To publish a new release, always test on TestPyPI first, then upload to PyPI only after successful Conda smoke tests:

```bash
export TWINE_USERNAME="__token__"
export TWINE_PASSWORD="pypi-..."

bash scripts/release_testpypi.sh --bump patch
bash scripts/release_pypi.sh --yes
```

**Notes:**
- Run and verify the TestPyPI release first, then upload the final package to PyPI.
- PyPI versions cannot be overwritten or reused.

## Library usage

```python
from pathlib import Path

from loganalysis import (
    analyze_file,
    convert_report_md_to_html_pdf,
    iter_logical_entries,
    normalize_message,
)
from csvchunking import split_csv

result = analyze_file(Path("logs/app.txt"))
print(result["norm_counts"])

print(normalize_message(
    'Conversion: X =3100110. 138 The record was not found in table "Teile".'
))

for entry in iter_logical_entries(Path("logs/app.txt")):
    print(entry)

convert_report_md_to_html_pdf(
    Path("log_analyse_out/report.md"),
    Path("log_analyse_out/report.html"),
    Path("log_analyse_out/report.pdf"),
)

chunk_result = split_csv(Path("data/large_export.csv"), chunk_size=5000)
print(chunk_result.output_dir)
print(chunk_result.output_files)
```

`split_csv()` returns a `ChunkResult` with the input file, output directory, chunk size, processed data-row count, created file count, and generated output file paths.

## Project structure

```text
.
├─ pyproject.toml
├─ src/loganalysis/
├─ src/csvchunking/
├─ tests/
├─ docs/
└─ log_analysis.py
```

Important modules:

- `analysis.py` - file-level and overall aggregation
- `parsing.py` - logical entry detection and parsing
- `normalization.py` - message normalization
- `report_markdown.py` - Markdown report model and rendering
- `report_html.py` - HTML/CSS rendering
- `report_pdf.py` - PDF engine selection and fallback handling
- `converters.py` - Markdown-to-HTML/PDF conversion
- `loganalysis/cli.py` - log analysis command-line entry point
- `csvchunking/chunker.py` - CSV splitting logic and `ChunkResult`
- `csvchunking/cli.py` - CSV chunking command-line entry point

## HTML/PDF conversion

Report conversion is intentionally optional:

- `report.md` remains the primary human-readable output
- `report.html` is generated from the internal report model
- `report.pdf` is created when supported PDF tooling is available

PDF engine preference order:

1. `weasyprint`
2. `wkhtmltopdf`
3. `pandoc` + `xelatex` or `pdflatex`

If no supported PDF engine is available, the analysis still succeeds and generates Markdown and HTML output.
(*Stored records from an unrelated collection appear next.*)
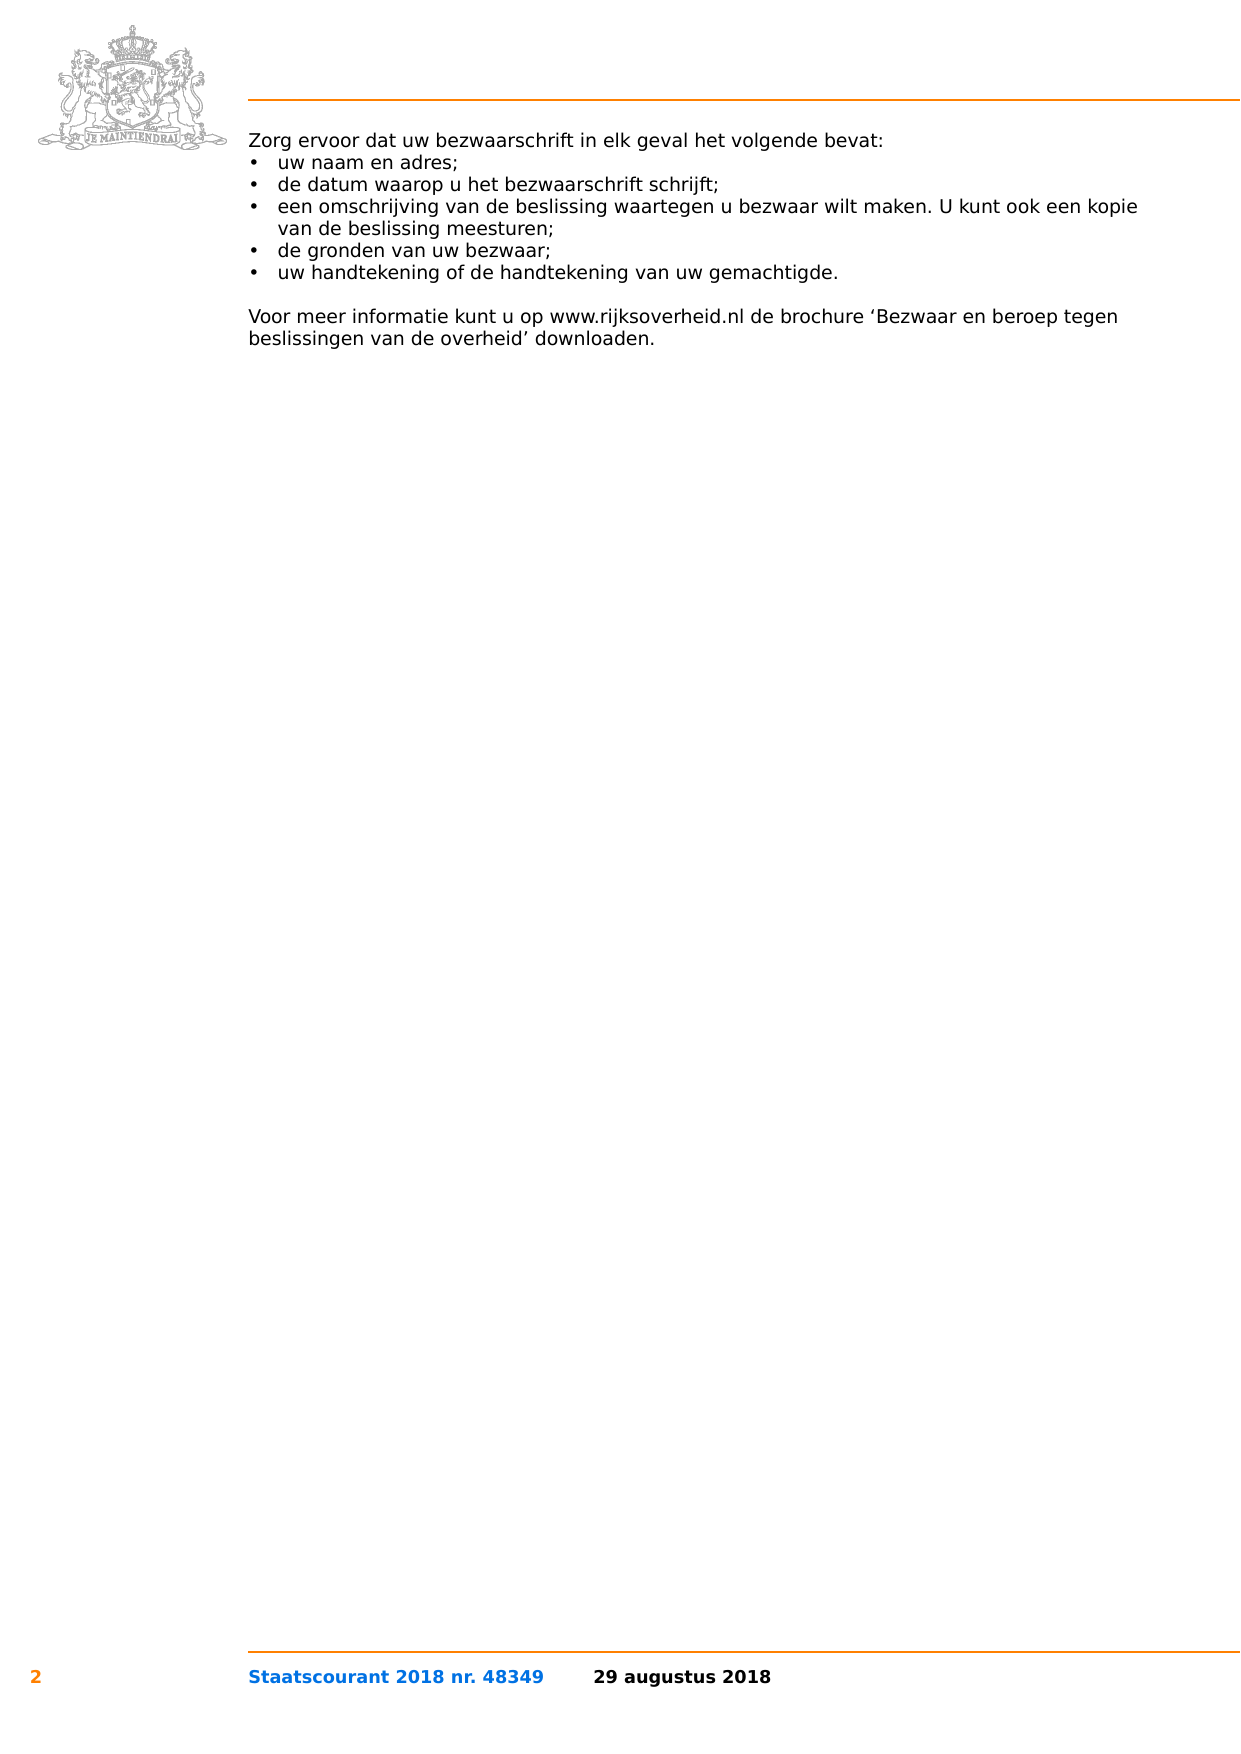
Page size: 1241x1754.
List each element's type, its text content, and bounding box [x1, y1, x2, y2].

text • uw handtekening of de handtekening van uw gemachtigde. [248, 262, 1163, 284]
text • de datum waarop u het bezwaarschrift schrijft; [248, 174, 1163, 196]
text • uw naam en adres; [248, 152, 1163, 174]
text Voor meer informatie kunt u op www.rijksoverheid.nl de brochure ‘Bezwaar en beroep tegen beslissingen van de overheid’ downloaden. [248, 306, 1163, 349]
text Zorg ervoor dat uw bezwaarschrift in elk geval het volgende bevat: [248, 130, 1163, 152]
picture [38, 25, 227, 150]
text • een omschrijving van de beslissing waartegen u bezwaar wilt maken. U kunt ook een kopie van de beslissing meesturen; [248, 196, 1163, 240]
text • de gronden van uw bezwaar; [248, 240, 1163, 262]
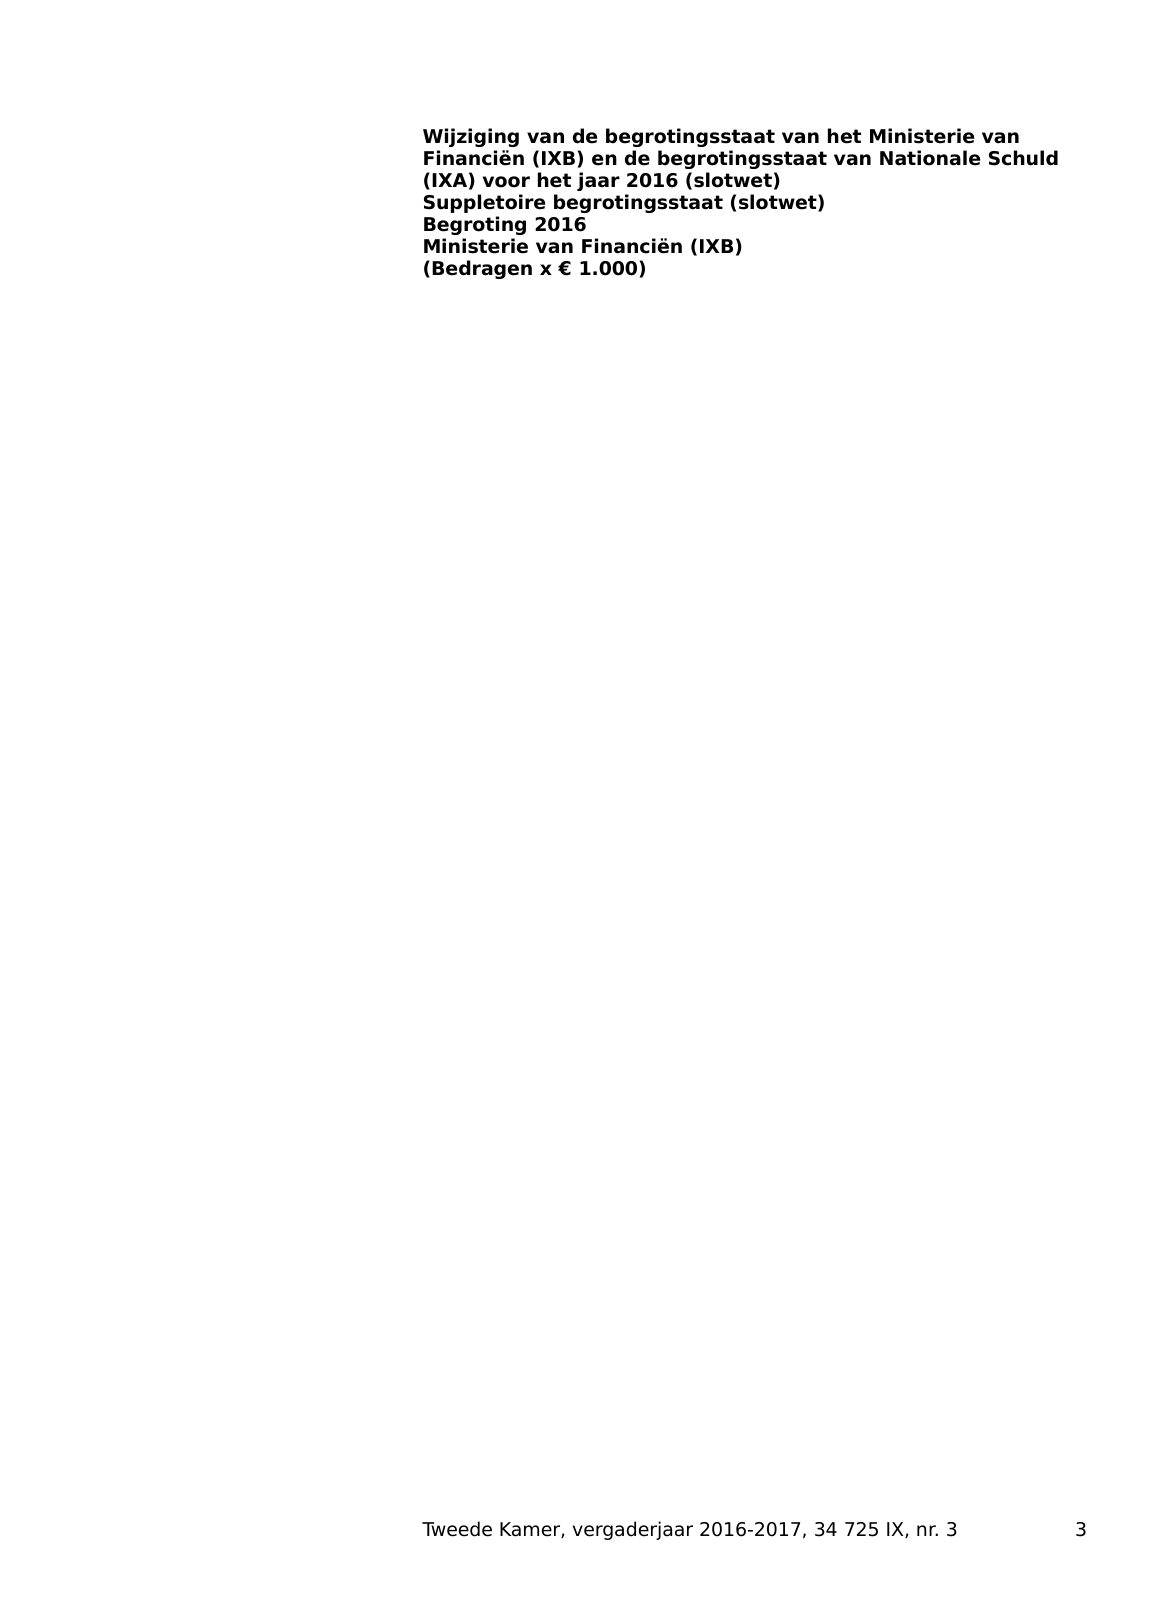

Windows-specific setup notes:

- `docs/install_gtk_weasyprint_windows.md`
- `docs/install_xelatex_windows.md`

## Tests

```powershell
pytest
```

## Local build

```powershell
python -m build
```

Expected artifacts:

- `dist/*.tar.gz`
- `dist/*.whl`

## Notes

The package name on PyPI/TestPyPI is `nm-tool-forge`, while the current Python import package remains `loganalysis`.

This keeps the first public release small and low-risk. A later follow-up release can still rename the import package if desired.